浜田で第5回島根県NIEセミナー

「生徒が自分の考えに自信を持つようになった」と1年間のNIE実践を報告する竹崎修次益田工業高教諭
石見にも広がる実践の輪
記事の迫力生かし切り抜き授業 自他の意見を比較考察
 竹崎修次・益田工高教諭の報告


 NIE実践校となった昨年度から、2年生の現代社会の科目で、新聞記事を活用した授業に取り組んでいる。

 切り取った新聞記事を専用のシートに張り付けてコピーしたプリントを生徒に配布した。名付けて「ズバリ!ここに注目!」。新聞の見出しをそのままはりつけ、見た目のインパクト、生徒の興味、関心を高めようと工夫した。余白には「本日のキーワード」の欄を設け、最低限の知識を身に付けさせて、評価基準を明確にするよう努めた。

 このプリント活用のポイントとして、記事内容をいかに把握し、思考・判断力の向上につなげていくのか、自分の考えを表現する技能の育成も考えた。そのため、「自分の考え欄」と「他人の考え欄」を下に枠囲みで設定し、自由に書き込めるようにした。他人の意見と比較し、自分の考えを持つことへの自信と意欲をかきたてる狙いだ。

 2時間に1度のペースでプリントを配布し、授業時間の半分を使った。内容は特に限定せず、取り扱うのにふさわしいと思われるものを私が選択した。1年間に42枚のプリント授業を行ったが、自衛隊のイラク派遣や高卒就職率、長崎誘拐殺人事件、刑法改正など幅広く、タイムリーな取り上げ方に留意。意見をまとめ、新聞の投書欄への投稿、掲載の反響など考えを主張することにもつながってきている。

 経済、政治、環境、国際社会など変化する社会情勢をつかむのに役立つと考えて指導してきた。生徒自身も「自ら考えることに自信が持てるようになった」「内容が新鮮で、今、日本や世界で何が起きているかが分かってきた」「自分の無知を思い知らされた。友人や家族と世間話ができるようになった」など肯定的な意見が多かった。

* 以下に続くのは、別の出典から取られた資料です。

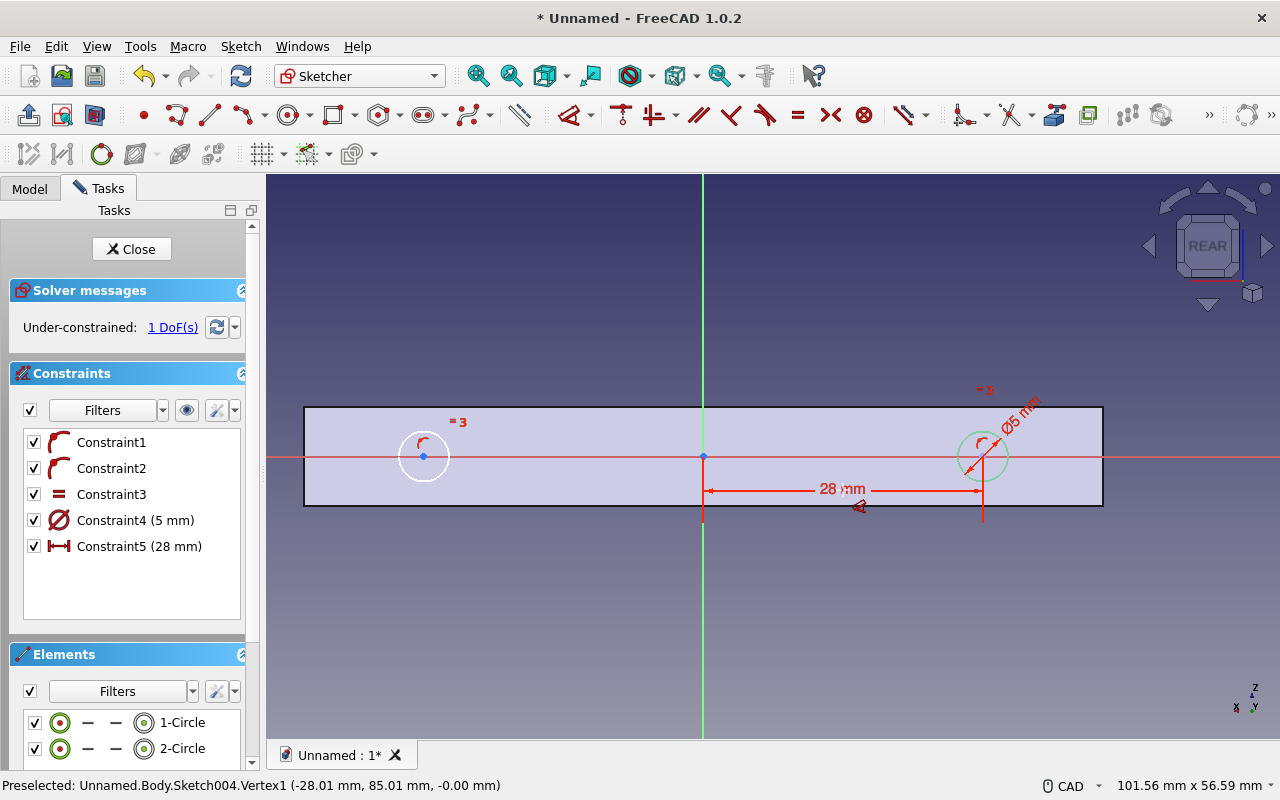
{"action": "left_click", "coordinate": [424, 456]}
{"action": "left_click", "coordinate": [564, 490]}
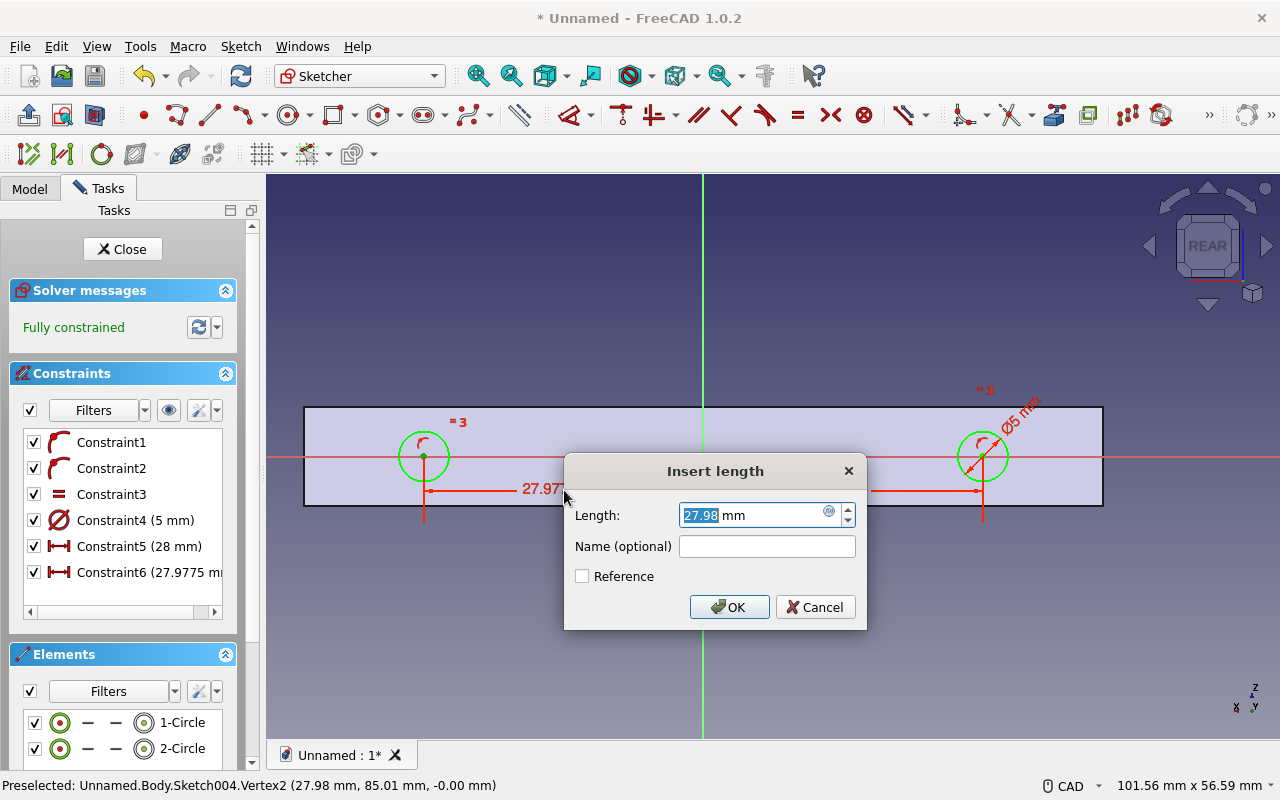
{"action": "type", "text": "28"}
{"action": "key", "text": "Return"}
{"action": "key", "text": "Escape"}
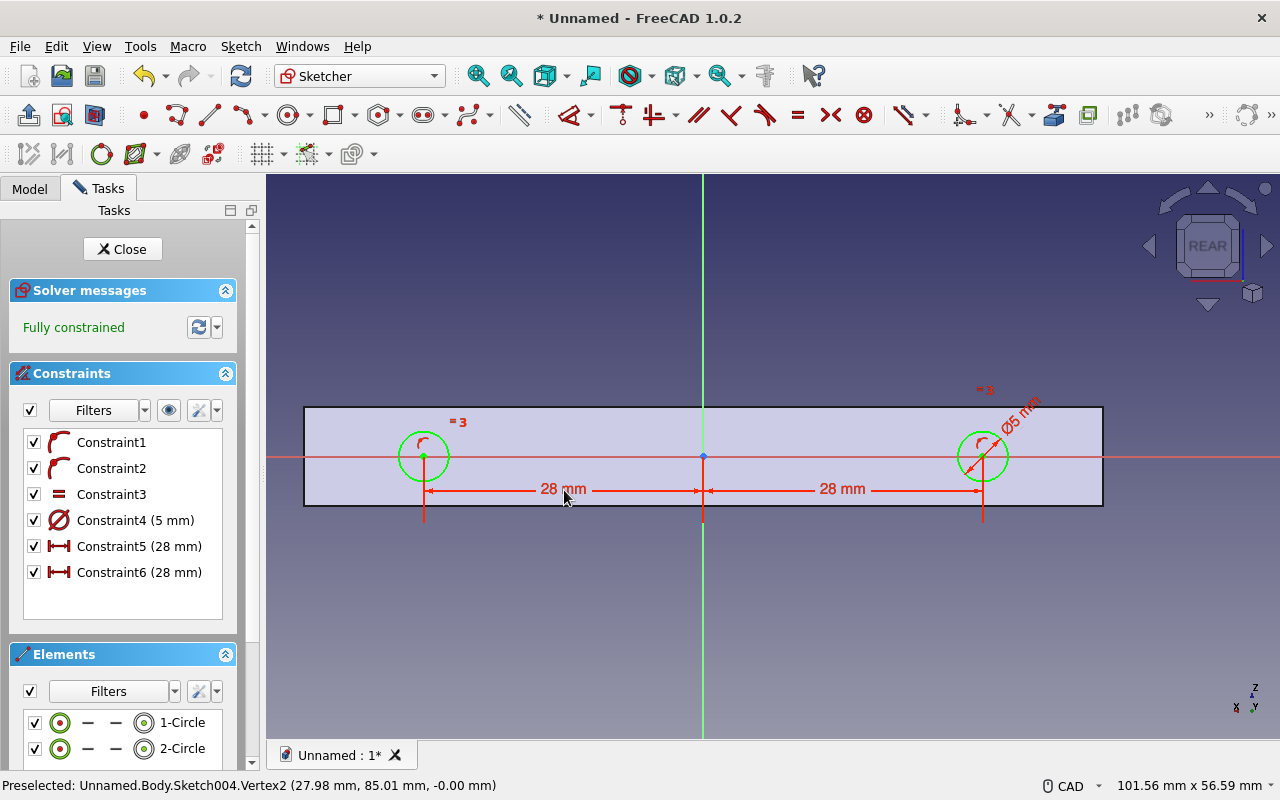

 教科書と新聞プリントを行ったり来たりし交互に学習を進めたが、半分以上は新聞記事だけで現代社会の実益的な学習ができそうだと感じた。

 今後の課題としては、取り上げる教材の客観性をどう確保していくのか、授業者の主観をどう排除していくのかだ。さらに、新聞教材と教科書教材の重複を避けて、授業の進度を意識した効率的な授業をどう展開していくか。生徒の興味をかき立てる国の予算など経済分野の生きた教材を生徒に提供していきたい。